Conexões jurisprudenciais
O precedente encerra um arco de quase duas décadas. O ponto de partida é o Tema 17/STJ (REsp 1.101.727/PR, Corte Especial, noticiado no Informativo 414), que sob o CPC/1973 vedava a dispensa de reexame para sentenças ilíquidas, orientação sumulada no enunciado 490 (Corte Especial, julgado em 28/06/2012, DJe 01/08/2012): "A dispensa de reexame necessário, quando o valor da condenação ou do direito controvertido for inferior a sessenta salários mínimos, não se aplica a sentenças ilíquidas". A inflexão veio com o precedente do Informativo 658 (2019), que já afirmava dispensável a remessa nas sentenças ilíquidas contra o INSS com proveito econômico mensurável inferior a mil salários mínimos.
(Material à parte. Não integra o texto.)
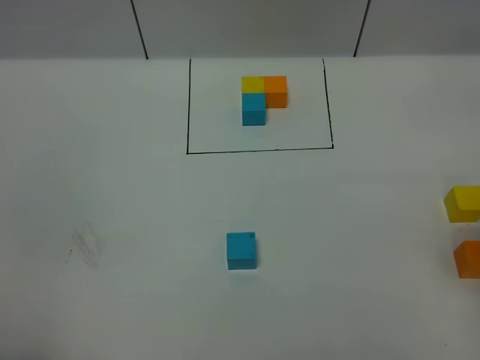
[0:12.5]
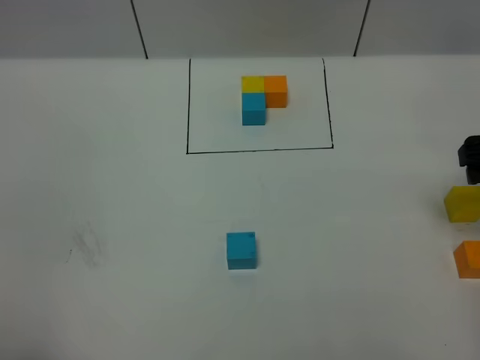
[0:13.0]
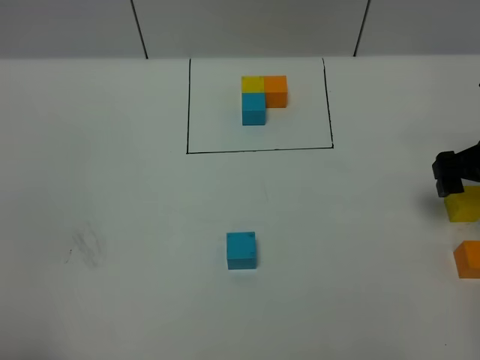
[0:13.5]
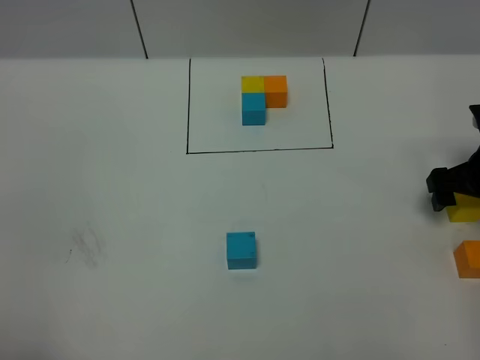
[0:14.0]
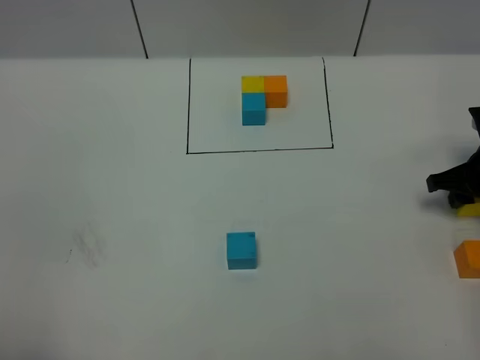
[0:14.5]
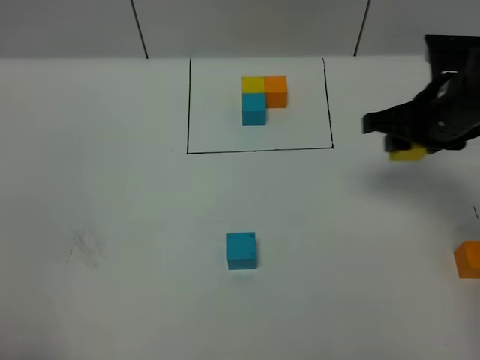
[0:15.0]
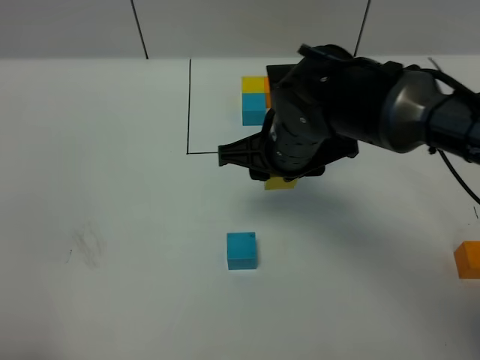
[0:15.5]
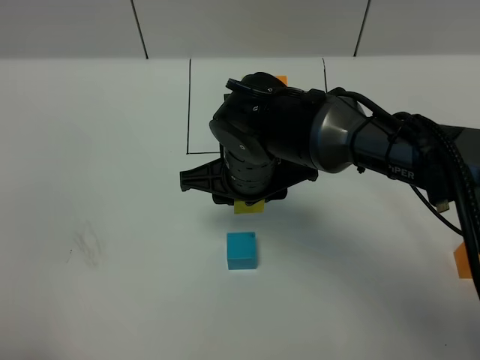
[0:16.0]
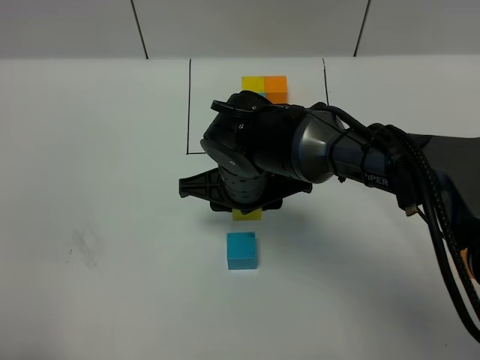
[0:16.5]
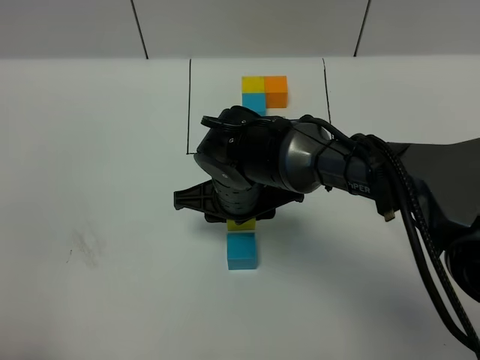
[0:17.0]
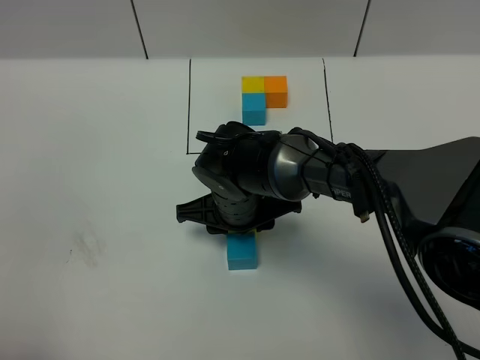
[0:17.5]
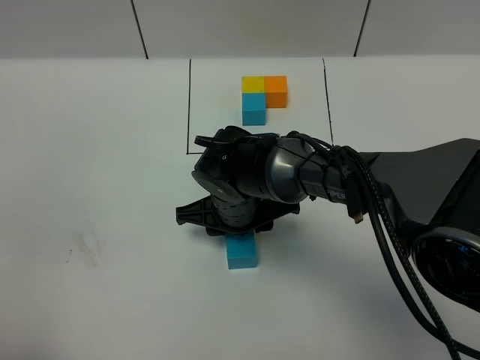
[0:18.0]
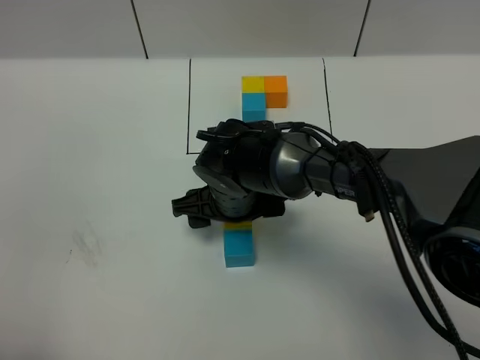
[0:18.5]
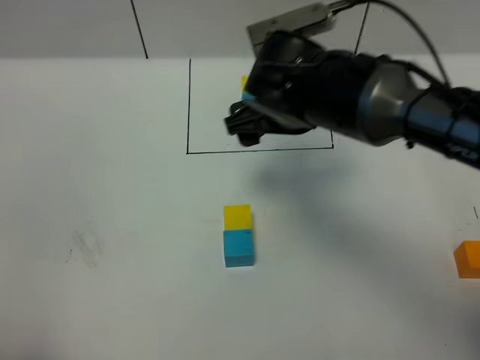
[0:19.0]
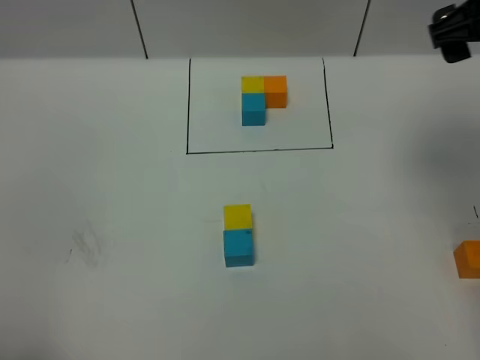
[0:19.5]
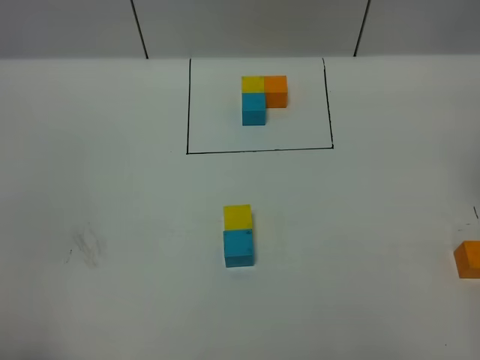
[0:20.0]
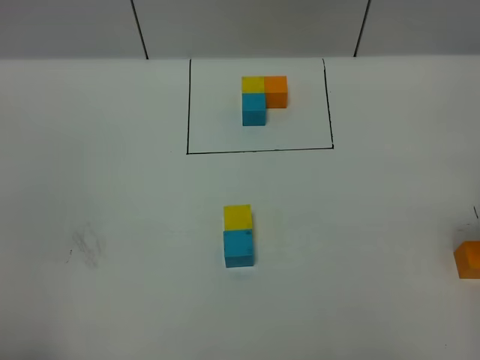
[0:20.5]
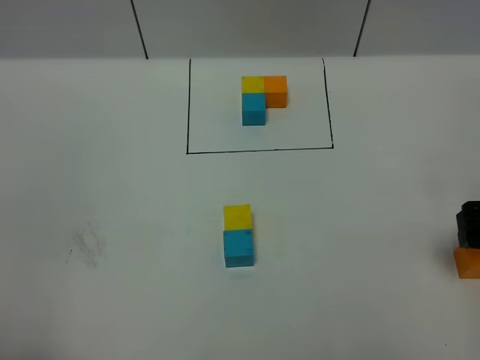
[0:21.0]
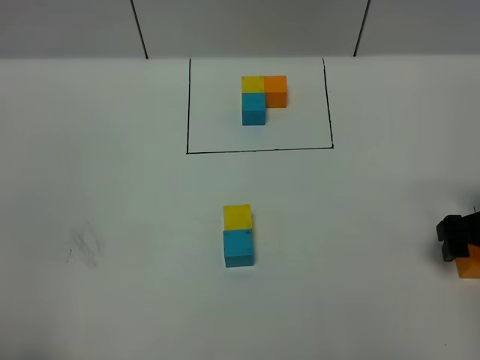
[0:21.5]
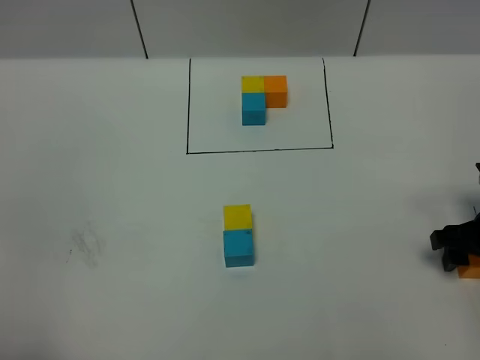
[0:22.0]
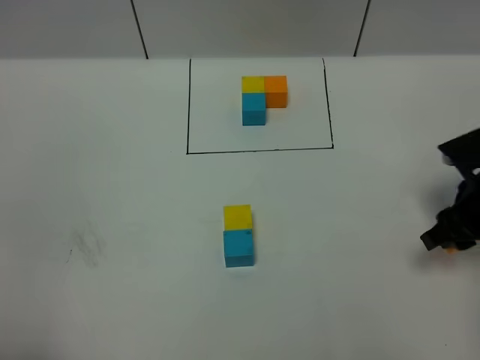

Após o julgamento do Tema 1081 (REsp 1.882.236/RS, REsp 1.893.709/RS e REsp 1.894.666/SC, Corte Especial, julgados em 04/02/2026), a jurisprudência interna já se consolidou: no AgInt nos EREsp 1.887.254/SC (Primeira Seção, Rel. Ministro Afrânio Vilela, julgado em 08/04/2026), embargos de divergência foram barrados pela Súmula 168/STJ justamente porque o acórdão embargado aplicava a liquidez material do Tema 1081, sinal de pacificação completa. Convém ainda reler a Súmula 325/STJ (a remessa oficial devolve ao tribunal o reexame de todas as parcelas da condenação, inclusive honorários): ela permanece válida, mas seu alcance prático encolhe na exata medida em que a própria remessa se torna residual no contencioso previdenciário.